Monday, August 08, 2005

the taximen of cleveland 1

Luxury, its soft, bouncy lap. Sitting in the kitchen, eating ice cream and reading Ian Hacking, looking up occasionally to see the afternoon sunlight through the back windows, and through the open door my plants, all of them still alive after weeks and weeks of care by me, the renowned herbicide. I go out on the porch often to talk to the plants and try to cool off my lungs. Lately the air has mostly been still, stifled with heat, the molecules in their hellbent acceleration knocking anything in their way flat on its back. Including me: there’s a spot in the middle of my living room where the floor is frosty on the very hot days. Why the people below me would have an air conditioner in the middle of their apartment is not completely clear to me, but sometimes I lie down on the floor there to cool off. It’s like hooking on to my neighbor’s internet connection.

We’ve had a month or so of quiet around here since the big explosion that any normal person not familiar with local ritual could have been forgiven for thinking was a war. The Fourth of July is not a triflling matter in Logan Square. During the day someone let off a very loud firework right near my car as I drove down the street (I reacted as a dog would: anger and whimpers), but the real noise started a bit before sunset. By nightfall the air was actually foggy with smoke, stinky with sulfur that you could smell all the way in the house. We walked out to get some supplies for the barbeque and stopped to watch a group of people ranging in age from five to fifty setting off exploves next to their cars and on their porches. A police car drove by, leisurely. Carnival in the traditional sense. Two days later I saw some large, flatish cardboard boxes piled up in a tumbling way, several tall stacks at the mouth of an alley. They had a kind of beehive of round cardboard tubes in them, and Chinese writing describing the contents as some sort of flower. Firecracker cartons.
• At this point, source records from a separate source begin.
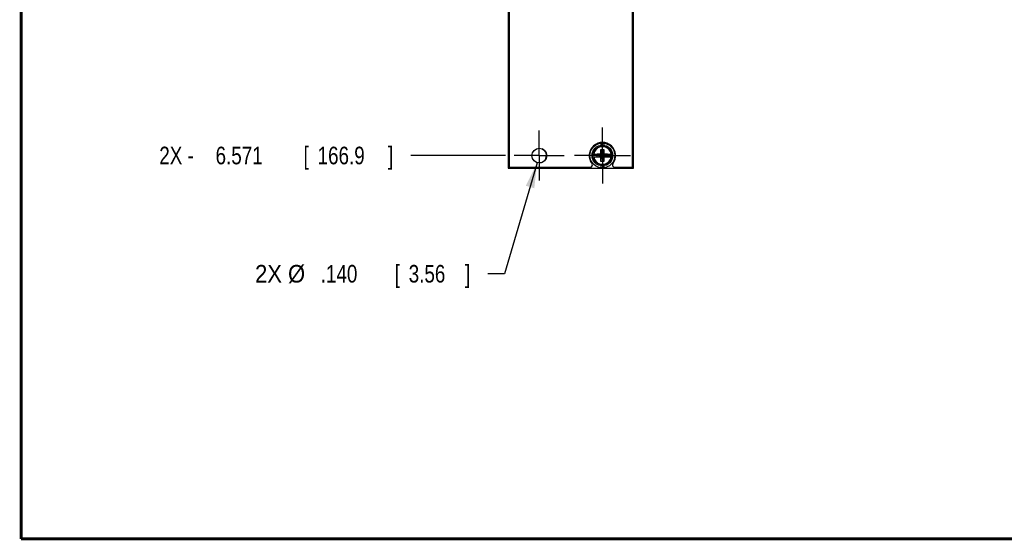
# Model space of a CAD drawing. Header units: inches. Extents: x 0.2 to 16.8, y 0.1 to 10.8.
# Tile 1 of 16: x 0.2 to 7.2, y 0.2 to 3.9. Entities that reach past the tile are written whole.
import ezdxf

# ---------------------------------------------------------------- set-up
doc = ezdxf.new("R2010")
doc.units = ezdxf.units.IN
doc.header["$LTSCALE"] = 0.935
doc.header["$MEASUREMENT"] = 0
doc.linetypes.add('CENTER', pattern=[0.6, 0.375, -0.075, 0.075, -0.075])
doc.layers.get('0').update_dxf_attribs({"linetype": 'CONTINUOUS'})
doc.layers.add('DEFAULT_1', color=7, linetype='CENTER')
doc.layers.add('DIMENSIONS', color=7, linetype='CONTINUOUS')
doc.styles.get("Standard").update_dxf_attribs({"font": 'txt', "width": 0.8})
doc.dimstyles.new('DIMSTYLE_1', dxfattribs={"dimtxt": 0.125, "dimasz": 0.18, "dimexe": 0.18, "dimexo": 0.0625, "dimgap": 0.09, "dimtad": 0, "dimtih": 1, "dimtoh": 1, "dimdec": 3, "dimlfac": 1.333333, "dimzin": 4, "dimdsep": 46, "dimtxsty": 'STANDARD', "dimblk": '_FILLED', "dimblk1": '_FILLED', "dimblk2": '_FILLED', "dimcen": 0.09, "dimadec": 0, "dimazin": 0, "dimtp": 0.005, "dimtm": 0.005, "dimtfac": 1, "dimtdec": 3, "dimtofl": 0, "dimtmove": 0, "dimatfit": 3, "dimldrblk": '_FILLED', "dimfxl": 1, "dimtolj": 1, "dimtzin": 4, "dimarcsym": 0})
doc.dimstyles.new('DIMSTYLE_2', dxfattribs={"dimtxt": 0.125, "dimasz": 0.18, "dimexe": 0.18, "dimexo": 0.0625, "dimgap": 0.09, "dimtad": 0, "dimtih": 1, "dimtoh": 1, "dimdec": 3, "dimlfac": 1.333333, "dimzin": 4, "dimdsep": 46, "dimtxsty": 'STANDARD', "dimblk": '_FILLED', "dimblk1": '_FILLED', "dimblk2": '_FILLED', "dimcen": 0.09, "dimadec": 0, "dimazin": 0, "dimtp": 0.005, "dimtm": 0.005, "dimtfac": 1, "dimtdec": 3, "dimtofl": 0, "dimtmove": 0, "dimatfit": 3, "dimldrblk": '_FILLED', "dimfxl": 1, "dimtolj": 1, "dimtzin": 4, "dimarcsym": 0})

# ---------------------------------------------------------------- blocks, each defined once
blk = doc.blocks.new('*D3')
at = {"layer": 'DIMENSIONS', "color": 2, "linetype": 'CONTINUOUS'}
blk.add_line((3.691, 2.9822), (3.0195, 2.9822), dxfattribs=at)
at = {"layer": 'DIMENSIONS', "color": 2, "linetype": 'CONTINUOUS', "width": 0.8}
for s, p in [('2X -', (1.232, 2.9197)), ('6.571', (1.632, 2.9197)), ('[', (2.257, 2.9197)), ('166.9', (2.357, 2.9197)), (']', (2.857, 2.9197))]:
    blk.add_text(s, height=0.125, dxfattribs=at).set_placement(p)
blk = doc.blocks.new('_FILLED')
at = {"color": 0, "linetype": 'BYBLOCK'}
blk.add_solid([(0, 0), (-1, 0.174), (-1, -0.174)], dxfattribs=at)
blk = doc.blocks.new('*D10')
at = {"layer": 'DIMENSIONS', "color": 2, "linetype": 'CONTINUOUS'}
for p, q in [((3.9176, 2.9311), (3.6843, 2.1422)), ((3.6843, 2.1422), (3.5668, 2.1422))]:
    blk.add_line(p, q, dxfattribs=at)
at = {"layer": 'DIMENSIONS', "color": 2, "linetype": 'CONTINUOUS', "xscale": 0.18, "yscale": 0.18, "zscale": 0.18, "rotation": 73.527876}
blk.add_blockref('_FILLED', (3.9176, 2.9311), dxfattribs=at)
at = {"layer": 'DIMENSIONS', "color": 2, "linetype": 'CONTINUOUS'}
for s, width, p in [('2X %%c', 0.933333, (1.9127, 2.0797)), ('.140', 0.8, (2.3793, 2.0797)), ('[', 0.8, (2.9043, 2.0797)), ('3.56', 0.8, (3.0043, 2.0797)), (']', 0.8, (3.4043, 2.0797))]:
    blk.add_text(s, height=0.125, dxfattribs=dict(at, width=width)).set_placement(p)

msp = doc.modelspace()

# ---------------------------------------------------------------- linework, layer by layer
at = {"color": 7, "linetype": 'CONTINUOUS'}
for p, q in [((3.71048, 8.00124), (3.71048, 2.89224)), ((3.71798, 7.99224), (3.71798, 2.89974)), ((4.59398, 2.89974), (4.59398, 7.99224)), ((4.60148, 2.89224), (4.60148, 8.00124)), ((4.36973, 3.07002), (4.36973, 3.05483)), ((4.37064, 3.02505), (4.39131, 3.02505)), ((4.39131, 2.93942), (4.37064, 3.02505)), ((4.37064, 2.99257), (4.37064, 3.02505)), ((4.37064, 2.93942), (4.39131, 3.02505)), ((4.39131, 3.02505), (4.39131, 2.99257)), ((4.39223, 3.05483), (4.39223, 3.07002)), ((4.30999, 2.99257), (4.37219, 2.99257)), ((4.30999, 2.97191), (4.37219, 2.97191)), ((4.34458, 2.97346), (4.41737, 2.99102)), ((4.37219, 2.99102), (4.34458, 2.99102)), ((4.34458, 2.99102), (4.41737, 2.97346)), ((4.34458, 2.97346), (4.34458, 2.99102)), ((4.34458, 2.97346), (4.37219, 2.97346)), ((4.37064, 2.93942), (4.37064, 2.97191)), ((4.39131, 2.93942), (4.37064, 2.93942)), ((4.37219, 2.99257), (4.37219, 2.99102)), ((4.38976, 2.97346), (4.37219, 2.99102)), ((4.37219, 2.97346), (4.38976, 2.99102)), ((4.37219, 2.97191), (4.37219, 2.97346)), ((4.38976, 2.99257), (4.45196, 2.99257)), ((4.38976, 2.99257), (4.38976, 2.99102)), ((4.41737, 2.99102), (4.38976, 2.99102)), ((4.38976, 2.97346), (4.41737, 2.97346)), ((4.38976, 2.97191), (4.38976, 2.97346)), ((4.38976, 2.97191), (4.45196, 2.97191)), ((4.39131, 2.97191), (4.39131, 2.93942)), ((4.41737, 2.97346), (4.41737, 2.99102)), ((3.71048, 2.89224), (4.60148, 2.89224)), ((3.71798, 2.89974), (4.29512, 2.89974)), ((4.36973, 2.90965), (4.36973, 2.89446)), ((4.39223, 2.89446), (4.39223, 2.90965)), ((4.46683, 2.89974), (4.59398, 2.89974))]:
    msp.add_line(p, q, dxfattribs=at)
at = {"color": 7, "linetype": 'CONTINUOUS', "const_width": 0.02}
for points in [[(0.25, 10.75859), (0.25, 0.25859)], [(0.25, 0.25859), (16.75, 0.25859)]]:
    msp.add_lwpolyline(points, dxfattribs=at)
at = {"color": 7, "linetype": 'CONTINUOUS'}
for centre, radius in [((3.93248, 2.98149), 0.0525), ((4.38098, 2.98224), 0.0885), ((4.38098, 2.98224), 0.07352)]:
    msp.add_circle(centre, radius, dxfattribs=at)
for centre, radius, start, end in [((3.80423, 3.30549), 0.08812, 169.572709, 190.427291), ((3.93098, 2.98224), 0.0525, 270, 64.959713), ((4.38098, 2.98149), 0.09375, 322.135723, 217.864277), ((4.38098, 2.98224), 0.07173, 171.716607, 188.283393), ((4.38098, 2.98224), 0.07173, 351.716607, 8.283393), ((4.29512, 2.91474), 0.015, 270, 37.864277), ((4.46683, 2.91474), 0.015, 142.135723, 270)]:
    msp.add_arc(centre, radius, start, end, dxfattribs=at)
at = {"color": 9, "linetype": 'CONTINUOUS'}
for radius, start, end in [(0.07105, 8.363741, 171.636259), (0.0624, 9.533588, 170.466412), (0.07105, 188.363741, 351.636259), (0.0624, 189.533588, 350.466412)]:
    msp.add_arc((4.38098, 2.98224), radius, start, end, dxfattribs=at)
at = {"layer": 'DEFAULT_1', "color": 7, "linetype": 'CENTER'}
for p, q in [((3.93098, 2.98224), (3.93098, 3.15974)), ((4.38098, 2.98224), (4.38098, 3.18074)), ((3.93098, 2.98224), (3.75348, 2.98224)), ((3.93098, 2.98224), (4.10848, 2.98224)), ((3.93098, 2.98224), (3.93098, 2.80474)), ((4.38098, 2.98224), (4.18248, 2.98224)), ((4.38098, 2.98224), (4.57948, 2.98224)), ((4.38098, 2.98224), (4.38098, 2.78374))]:
    msp.add_line(p, q, dxfattribs=at)

# ---------------------------------------------------------------- dimensions: what is measured, and where the dimension line sits
at = {"layer": 'DIMENSIONS', "color": 2, "linetype": 'CONTINUOUS'}
dim = msp.add_ordinate_dim(feature_location=(3.69098, 2.98224), offset=(-0.67144, 0), dtype=0, origin=(3.75348, 7.91049), text='2X -<>', dimstyle='DIMSTYLE_1', dxfattribs=at)
dim.commit()
dim.dimension.update_dxf_attribs({"geometry": '*D3', "text_midpoint": (2.09454, 2.98224)})
dim = msp.add_diameter_dim_2p(p1=(3.91759, 2.93114), p2=(3.94736, 3.03183), text='2X <>', dimstyle='DIMSTYLE_2', dxfattribs=at)
dim.commit()
dim.dimension.update_dxf_attribs({"geometry": '*D10', "text_midpoint": (2.70849, 2.14224), "dimtype": 163})

doc.saveas('drawing.dxf')

By this time my traveling companion had, luckily for her, left for greener, hillier, cooler climes. We’d traveled from the east coast to the middle, the good old American way, for a good old American purpose: to transport our means of transportation. I’ve had a, and been in proximity to the, car for the better part of a year now, and my driving has gone from jerky and unpredictable, frightened and audacious, to only occasionally spastic (although it has stayed steadily self-righteous from beginning to end—I’m the sort of person who remarks snidely to her closed windows, “Yes, that’s lovely, just stand *right* *there* in the midde of the lane like that, that’s just a great place to stand”). But driving pretty much the entire way from western Massachusetts to Chicago (my traveling companion managed to wrest the wheel away from me for a couple of hours only) makes me feel like I have fulfilled the requirements for a certificate of driving. Not a certificate of good driving, necessarily; but I feel I ought to—I mean I could—I mean I wouldn’t feel an imposter to—have a little plaque on the wall that said, “This is to certify that / Blahgstein / drives.”